A simpler, safer, more efficient alternative: for txtfile in "$system"/*.txt
Thank you all for ur efforts, unfortunately none of the suggested solutions has worked for me.
I managed to get the file name, the question is how to inser the file name before the concatenation happens.
Unless I missed it, you never made it clear if the output filename varies with directory and if so how to choose its name. To collect the desired concatenation of all .txt files in a directory, with each file's contents preceded by its filename, the solution that follows will create a file named ALL-TEXT-FILES.txt in each directory
You mention that you have 145 directories, but neglected to explain how the code is expected to visit them. Do you have a list to feed the script, either via a pipe or command line arguments?
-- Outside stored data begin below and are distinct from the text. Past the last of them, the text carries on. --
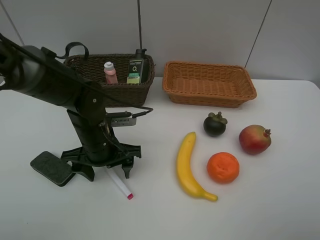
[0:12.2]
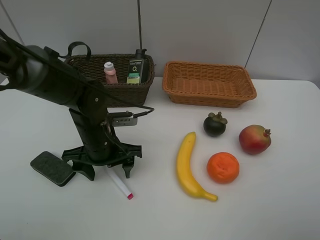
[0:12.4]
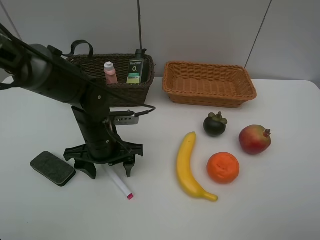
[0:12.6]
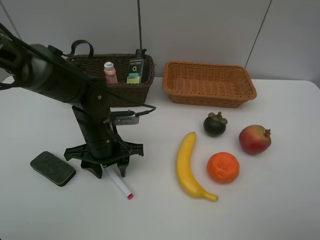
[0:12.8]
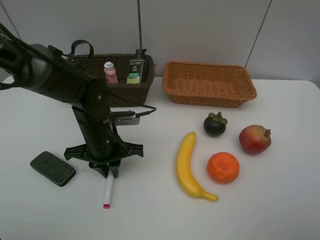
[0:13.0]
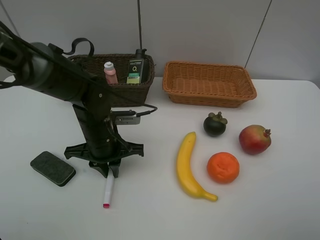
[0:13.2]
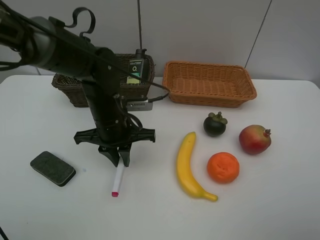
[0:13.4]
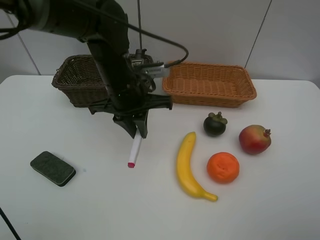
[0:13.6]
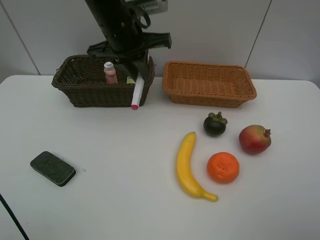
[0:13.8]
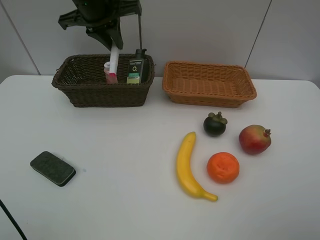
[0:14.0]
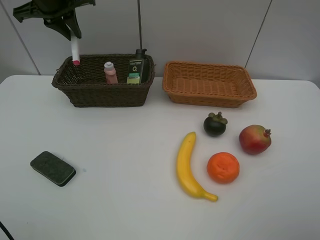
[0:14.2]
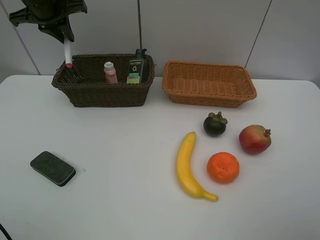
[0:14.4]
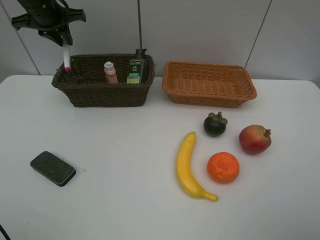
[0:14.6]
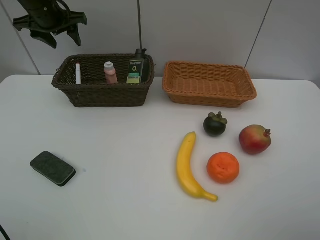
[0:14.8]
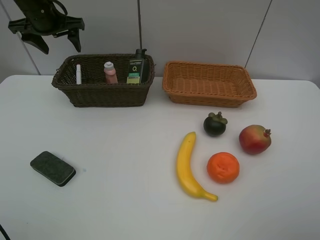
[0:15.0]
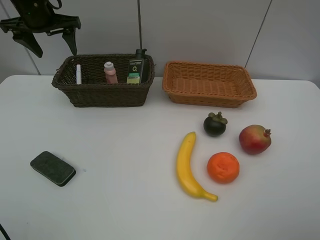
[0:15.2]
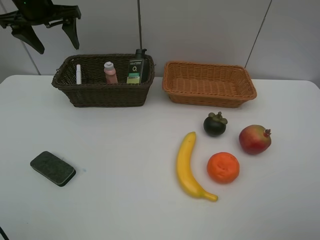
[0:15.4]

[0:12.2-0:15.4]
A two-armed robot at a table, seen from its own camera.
Task of the whole recording: Place multiple objects separately in different baskets.
Step, 0:13.4 to 0:15.0: Place the red marker in the dark basket with left gripper.
0:12.2 to 0:13.8: The left gripper moves upward and forward, some 25 cm, and closes.
0:13.8 to 0:15.4: The left gripper goes roughly 20 cm to the left and forward, and opens.

Or are they all in a hierarchy which can be simply traveresed with find from a single root location? I will assume the later and the following script can take a single argument, the location of this starting directory. If absent, the current working directory is assumed.
#!/bin/sh
find "${1:-.}" -type d -exec sh -c '
for d; do
out=$d/ALL-TEXT-FILES.txt
for f in "$d"/*.txt; do
{ [ -f "$f" ] && [ -r "$f" ]; } || continue
printf "//%s\n" "${f##*/}" >> "$out"
cat "$f" >> "$out"
done
done
' sh {} +
I tested it and it works as I intend.
However, there is a bug in this code (which is also present in some of the other suggestions). It's unlikely to be triggered, but it's lurking ... sleeping ... hoping.
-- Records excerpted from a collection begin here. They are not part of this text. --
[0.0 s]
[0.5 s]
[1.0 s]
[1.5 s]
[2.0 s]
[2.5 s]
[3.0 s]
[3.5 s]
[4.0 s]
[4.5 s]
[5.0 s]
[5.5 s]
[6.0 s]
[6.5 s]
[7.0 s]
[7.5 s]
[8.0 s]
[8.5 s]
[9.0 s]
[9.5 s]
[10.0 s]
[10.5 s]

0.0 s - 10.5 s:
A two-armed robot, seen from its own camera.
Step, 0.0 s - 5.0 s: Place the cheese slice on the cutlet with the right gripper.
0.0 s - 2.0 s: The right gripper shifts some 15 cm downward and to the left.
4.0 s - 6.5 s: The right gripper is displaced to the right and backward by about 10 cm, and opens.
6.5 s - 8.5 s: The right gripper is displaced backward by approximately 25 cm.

In case anyone would prefer to find it themselves...
***** CAUTION: SPOILERS AHEAD *****
If a directory happens to contain a file whose name is identical to the output file, cat will enter an infinite loop of reading-writing to itself until the machine explodes. The non-lazy solution would be to use a unique tempfile (or at least a filename that is guaranteed to be outside the traversal).